Write out a word-for-word repetition of the lines that come before the line containing "text Ebbene, ricordo" in the listing below, along with that line itself, omitting pictures.

- _EXTRACTED RECORDS_
------------------------------

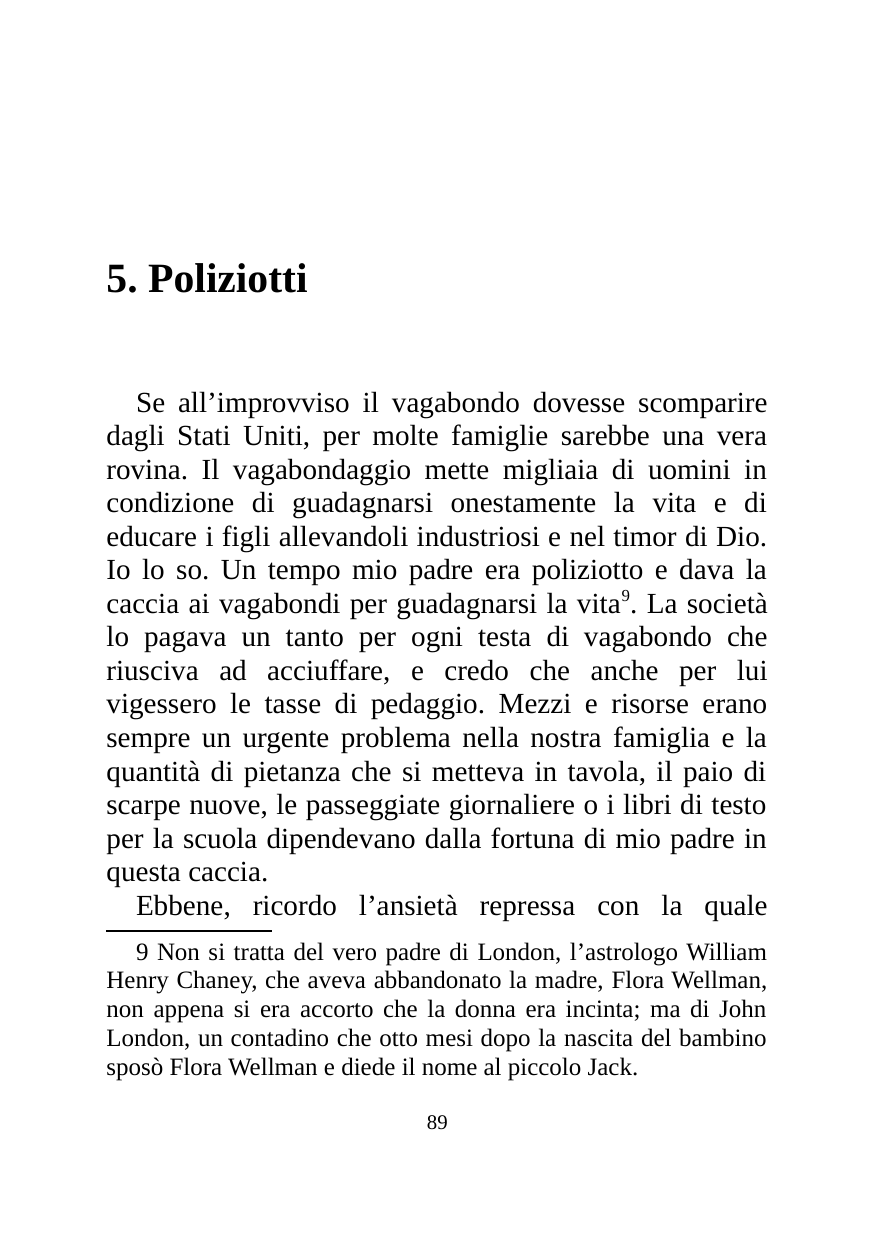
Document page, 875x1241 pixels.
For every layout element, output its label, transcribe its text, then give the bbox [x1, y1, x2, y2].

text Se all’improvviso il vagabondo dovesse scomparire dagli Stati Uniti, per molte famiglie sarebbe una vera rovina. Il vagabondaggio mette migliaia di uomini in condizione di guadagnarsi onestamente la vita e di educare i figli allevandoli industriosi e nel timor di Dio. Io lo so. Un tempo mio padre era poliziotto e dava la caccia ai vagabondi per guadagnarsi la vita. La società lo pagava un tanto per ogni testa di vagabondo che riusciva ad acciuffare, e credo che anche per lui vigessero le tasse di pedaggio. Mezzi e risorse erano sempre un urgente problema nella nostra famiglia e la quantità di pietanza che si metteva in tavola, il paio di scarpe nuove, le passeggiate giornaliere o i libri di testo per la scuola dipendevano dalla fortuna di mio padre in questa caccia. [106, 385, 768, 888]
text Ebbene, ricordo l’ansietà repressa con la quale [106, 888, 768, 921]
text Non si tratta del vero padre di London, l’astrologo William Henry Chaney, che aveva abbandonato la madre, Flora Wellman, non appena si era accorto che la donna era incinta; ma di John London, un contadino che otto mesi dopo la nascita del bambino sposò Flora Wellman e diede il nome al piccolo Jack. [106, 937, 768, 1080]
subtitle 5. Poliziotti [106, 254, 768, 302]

------------------------------

- _TASK ANSWER_
Document page, 875x1241 pixels.
For every layout element, output its label, transcribe its text, then give the bbox [x1, y1, x2, y2].

text Se all’improvviso il vagabondo dovesse scomparire dagli Stati Uniti, per molte famiglie sarebbe una vera rovina. Il vagabondaggio mette migliaia di uomini in condizione di guadagnarsi onestamente la vita e di educare i figli allevandoli industriosi e nel timor di Dio. Io lo so. Un tempo mio padre era poliziotto e dava la caccia ai vagabondi per guadagnarsi la vita. La società lo pagava un tanto per ogni testa di vagabondo che riusciva ad acciuffare, e credo che anche per lui vigessero le tasse di pedaggio. Mezzi e risorse erano sempre un urgente problema nella nostra famiglia e la quantità di pietanza che si metteva in tavola, il paio di scarpe nuove, le passeggiate giornaliere o i libri di testo per la scuola dipendevano dalla fortuna di mio padre in questa caccia. [106, 385, 768, 888]
text Ebbene, ricordo l’ansietà repressa con la quale [106, 888, 768, 921]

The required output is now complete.